● **Dataset**:
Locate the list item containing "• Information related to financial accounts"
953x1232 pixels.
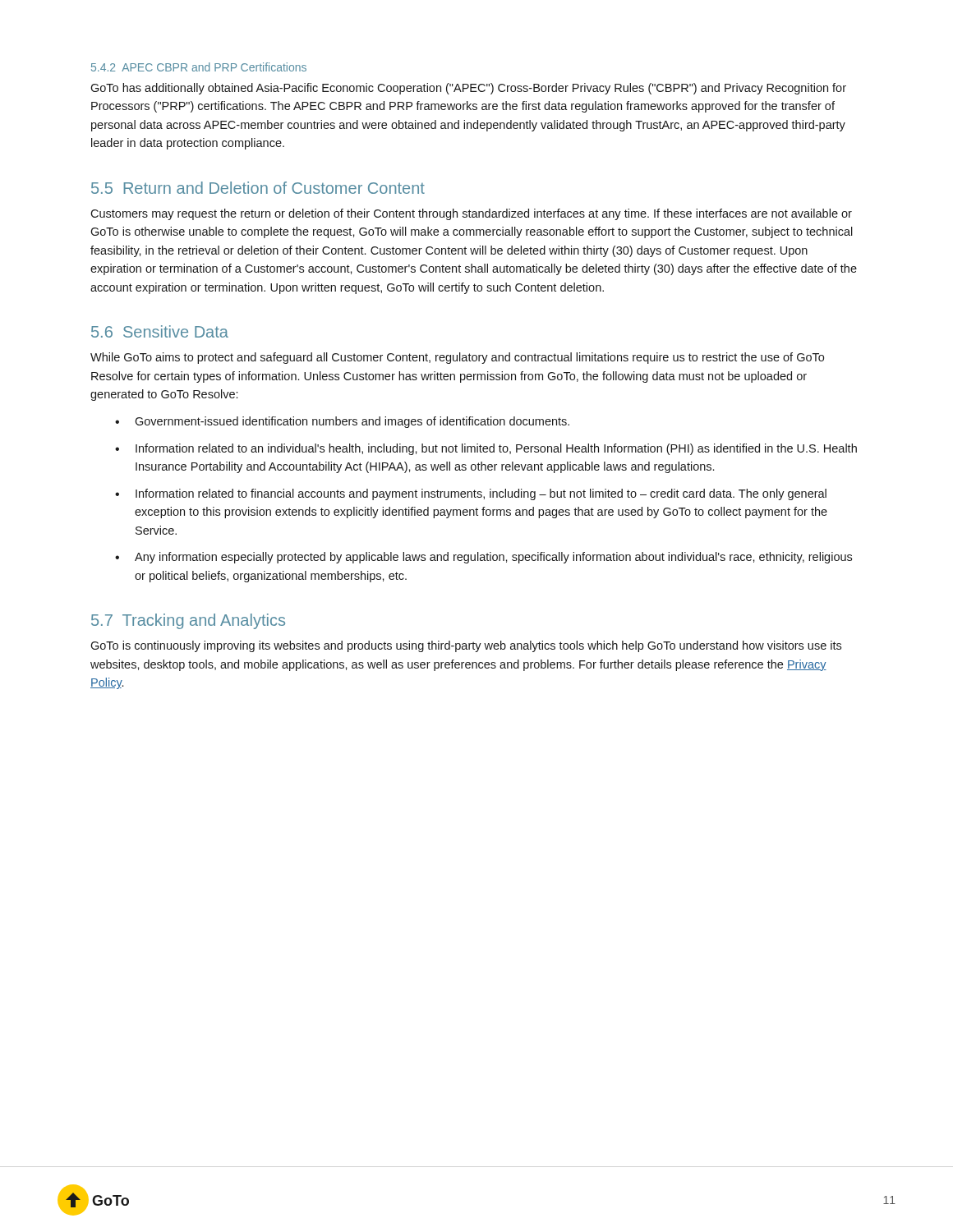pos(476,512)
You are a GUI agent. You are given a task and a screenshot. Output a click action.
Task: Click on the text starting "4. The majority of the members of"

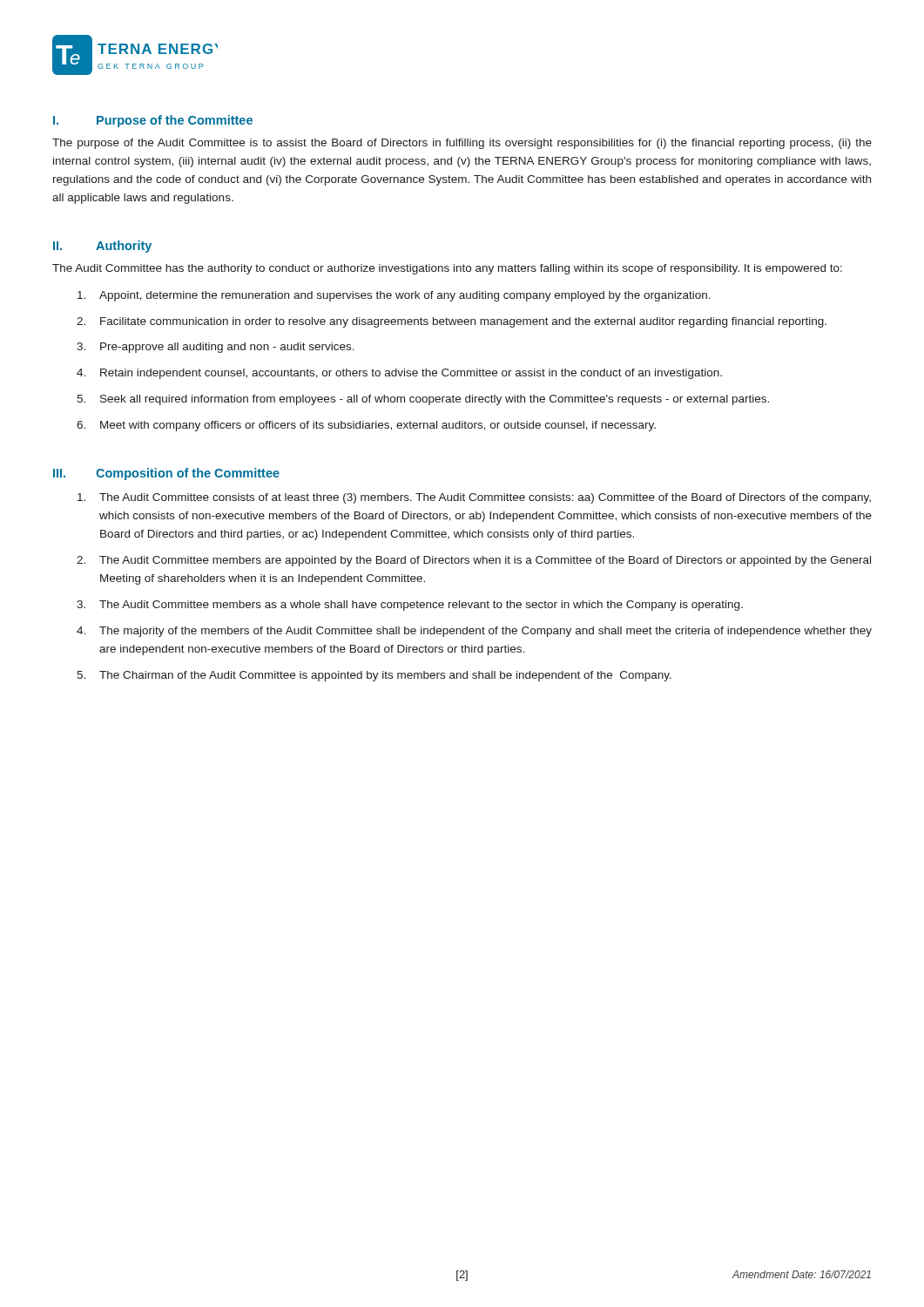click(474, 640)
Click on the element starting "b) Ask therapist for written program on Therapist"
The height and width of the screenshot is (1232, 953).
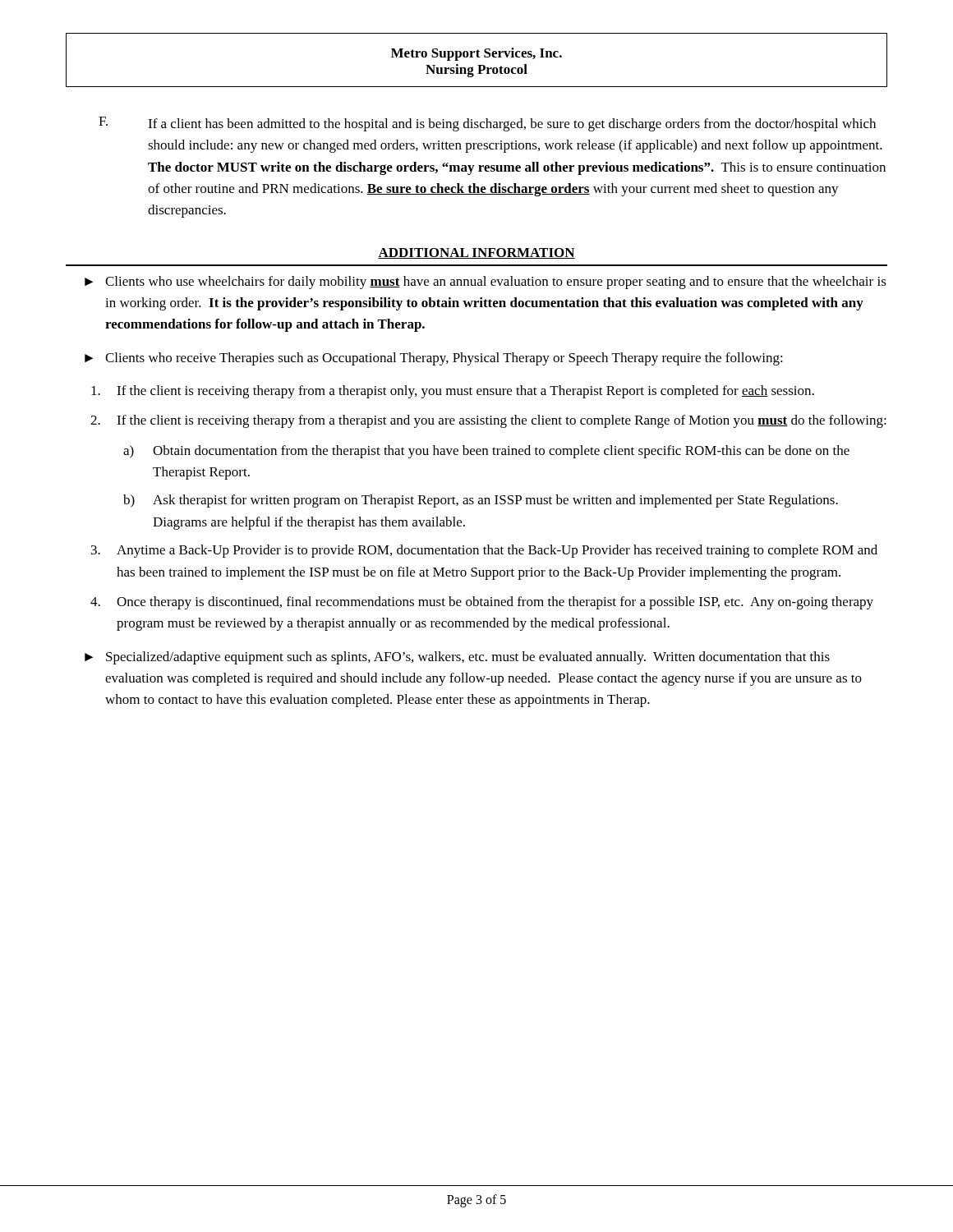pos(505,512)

● **The task**: If a record above holds a picture, leave the picture out and write out everything else exactly.

● **Your response**:
Locate the list item containing "• Information related to financial accounts"
953x1232 pixels.
pos(476,512)
You are a GUI agent. You are given a task and a screenshot. Output a click action.
Task: Click on the text starting "4. The majority of the members of"

click(474, 640)
Click on the element starting "b) Ask therapist for written program on Therapist"
The height and width of the screenshot is (1232, 953).
pos(505,512)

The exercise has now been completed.